Konya’mızda meşhur Koyunoğlu müzesi ve yani Koyunoğlu Konya evi konferans salonunda teşrif eden can dostlarıyla beraber olduk.Konya’nın kültür abidelerinden sn.Seyit  Küçükbezirci ağabeyimizin açış ve takdim konuşmasından sonra, sual cevabın dışında  50 dakikaya koca deryayı sığdırmaya çalıştık.
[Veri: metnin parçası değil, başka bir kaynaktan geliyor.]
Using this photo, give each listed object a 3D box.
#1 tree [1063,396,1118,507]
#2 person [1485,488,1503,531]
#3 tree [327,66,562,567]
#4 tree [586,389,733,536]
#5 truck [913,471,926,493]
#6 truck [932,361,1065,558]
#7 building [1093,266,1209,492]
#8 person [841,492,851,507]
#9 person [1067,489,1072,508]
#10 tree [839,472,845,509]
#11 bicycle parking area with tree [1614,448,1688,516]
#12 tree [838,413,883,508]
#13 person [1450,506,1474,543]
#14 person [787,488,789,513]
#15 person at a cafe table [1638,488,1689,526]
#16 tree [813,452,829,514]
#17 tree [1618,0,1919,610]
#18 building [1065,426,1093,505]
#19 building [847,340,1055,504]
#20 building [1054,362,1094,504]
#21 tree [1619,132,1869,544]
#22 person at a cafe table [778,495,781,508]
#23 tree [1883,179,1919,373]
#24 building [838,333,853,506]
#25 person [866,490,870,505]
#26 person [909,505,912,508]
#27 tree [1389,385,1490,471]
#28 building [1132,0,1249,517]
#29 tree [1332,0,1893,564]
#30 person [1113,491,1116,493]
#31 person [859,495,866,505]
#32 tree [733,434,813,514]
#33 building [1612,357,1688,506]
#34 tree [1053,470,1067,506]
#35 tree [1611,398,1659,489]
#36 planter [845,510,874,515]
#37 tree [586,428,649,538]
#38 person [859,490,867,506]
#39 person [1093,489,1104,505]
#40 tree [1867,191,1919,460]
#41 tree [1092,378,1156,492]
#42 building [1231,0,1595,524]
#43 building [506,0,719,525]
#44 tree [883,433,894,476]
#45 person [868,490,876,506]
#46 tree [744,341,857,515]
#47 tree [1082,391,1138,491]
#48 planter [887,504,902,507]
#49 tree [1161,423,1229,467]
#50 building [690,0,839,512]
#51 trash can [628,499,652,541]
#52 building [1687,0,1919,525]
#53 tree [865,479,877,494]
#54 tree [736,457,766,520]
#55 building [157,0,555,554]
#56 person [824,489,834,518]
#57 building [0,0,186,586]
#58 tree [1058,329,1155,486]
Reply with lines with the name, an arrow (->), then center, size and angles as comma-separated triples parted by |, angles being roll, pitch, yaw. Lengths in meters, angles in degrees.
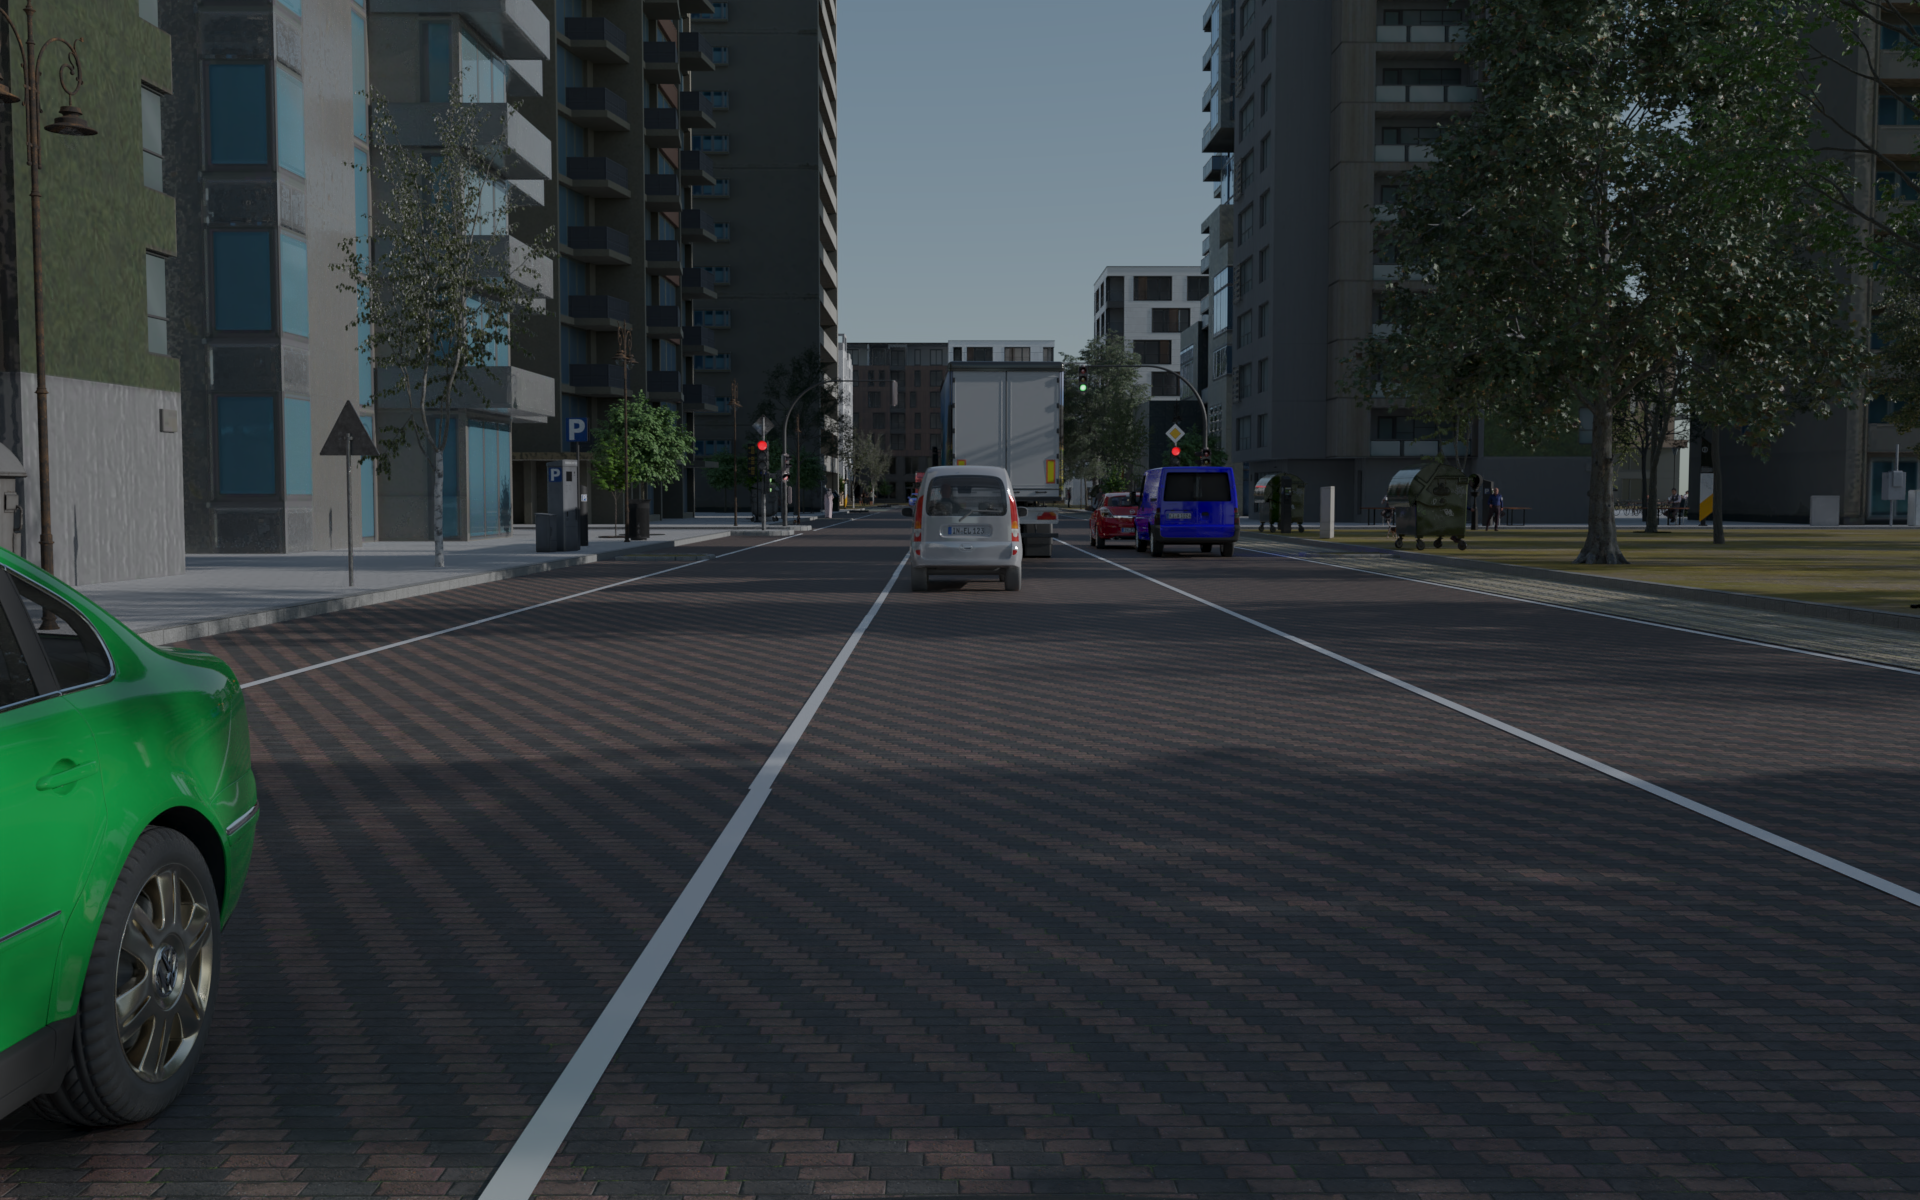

Sözlerime Prof .Hayreddin Karaman hocamızın tespitleriyle başladım. “Hoca Arapça edebiyatına ve derinliklerine o kadar vakıf ki ; kanun çıktığında “Abdülmecidin manasına gelen “Ünlükul” soy ismini alır.Konya’da talebelik yıllarımda çok istifade ettiğimiz bir müstesna hocamızdı.”
Konya’da mükim hayatta kalan tek evladı emekli öğretmen Saadet Ünlükul Kaynak  ,babaları için 120 kişi ile görüşerek 3 yılda itmam edip yazdığımız “Hz.Bediüzzamanın kardeşi Abdülmecid Ünükul” isimli kitabımız için şahsımıza  el yazılı bir mektup gönderdiler ,orada en çok dikkatimi çeken satırları şu olmuştu “..Babam Abdülmecid efendi daima bizlere şunu der di “Evladım size taş atana siz ekmek atın” derdi “Bu sözleri teyid eden yüzlerce kişi içinde merhum İHO öğretmenlerinden Mehmed Fatih Göktay “O gönül yıkan değil o günül yapandı.Onun Arapça notlarını kendi sınıfıma ders olarak verirdim..
Bizler ne görmüş isek ondan gördük.47 yıl aradan geçti,onun boşluğunu dolduramadık.O ailemizin her şeyi idi.Bize Babalık bize hocalık ve bize rehberlik yaptı.O ilmini yaşayan ve yaşatmaya çalışan nadir büyüklerdendi.1956 da ellerini öptüğümüz bu aziz zatı ,Hz.Bediüzzamanın mümtaz talebelerinden merhum Zübeyir Gündüzalp ve kendi mahdumları ağabeyimiz  merhum Suad Ünlükul ile birlikte kabre indirdik.O aramızdan semadaki bir yıldız gibi kayıp gitti...
Okul kayıtlarında bir gün rapor aldığı yok.Okul münübüsüyle bir defa evine gitmemiş.Kirada kalmış kirada yaşamış.Okulda 76 yaşına rağmen genç talebelere ayakta ders verir ve oturmaz.Talebelerinden ve emekli öğretmen Ş.Sütçü bey dedi ki “Okula gidiyorum hava sisli yolda biri yere düşmüş koştum baktım.Bizim Arapça hocamız Abdülmecid Ünlükul kalkmasına yardım ettim,çok ateşliydi  üstünü ellerini sildim yıkadım.Okula vardık bizim sınıf öğretmeni gelmemiş fakat Abdülmecid efendi Arapça dersine girmişti..Yorumsuz..
Konya Büyükşehir Koyunoğlu Konya evi konferans salonunda böyle bir anma programına vesile olan Konya  Büyükşehir Kültür ve sosyal işler daire başkanlığı ve ona bağlı müze ve kütüphaneler müdürlüğü   ile Konya’da kurulan “Konya fikir sanat kültür adamları birliği derneği”ne ve birimlerin yöneticileri olan Sn.Mücahit Küçüktığlı beye Sn.Hasan Yaşar beye ve sn.Seyit Küçükbezirci beye ve lütfedip gelen haziruna binler tebrik ve teşekkürler.. Haklarını helal etsinler.